I don’t want to accumulate (which is what happens when I call backwards multiple time in the same computation graph). I want to extract the gradients for params wrt to loss and use those gradients (call them dl_dw) for later computations of J and dJ_dw. The way I’m doing it is not right because I can’t even call backward on J because when I try to zero out the gradients before calling backward on J pytorch halts on me due to illegal in-place operations.

However, I noticed that pytorch doesn’t allow me to do because it warns me about (not really (illegal)) in-place operations in my case. Is there a way to extract intermediate gradients without pytorch halting without my permission?
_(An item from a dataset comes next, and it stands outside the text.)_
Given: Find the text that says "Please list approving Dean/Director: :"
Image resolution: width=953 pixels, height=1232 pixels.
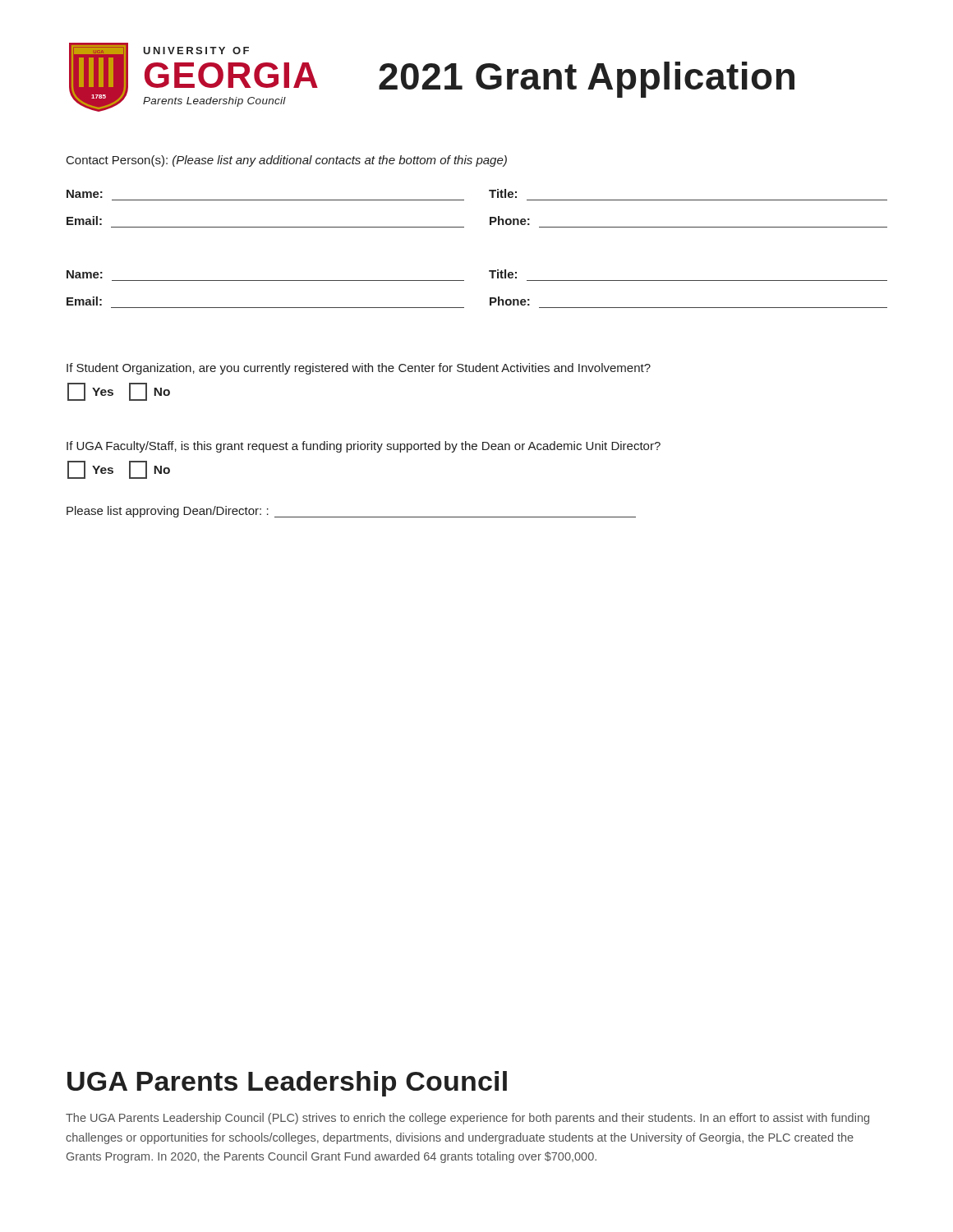Looking at the screenshot, I should coord(351,510).

In case you need it, see new example code I cooked up for this

import torch
from torchviz import make_dot

x = torch.ones(10, requires_grad=True)
weights = {'x':x}

y = x**2
z = x**3

l = (x-2).sum()
l.backward()
g_x = x.grad

#g_x.requires_grad = True ## Adds it to the computation graph!
print(f'g_x = x.grad = {x.grad}\n')

x.zero_()

#weights['g_x'] = g_x
#print(f'weights = {weights}\n')

J = (y + z + g_x).sum()
J.backward()
print(f'g_x = x.grad = {x.grad}\n')

make_dot(J,params=weights)

Error:

---------------------------------------------------------------------------
RuntimeError                              Traceback (most recent call last)
<ipython-input-27-c4086df8154e> in <module>
     20 print(f'g_x = x.grad = {x.grad}\n')
     21 
---> 22 x.zero_()
     23 
     24 #weights['g_x'] = g_x

RuntimeError: a leaf Variable that requires grad has been used in an in-place operation.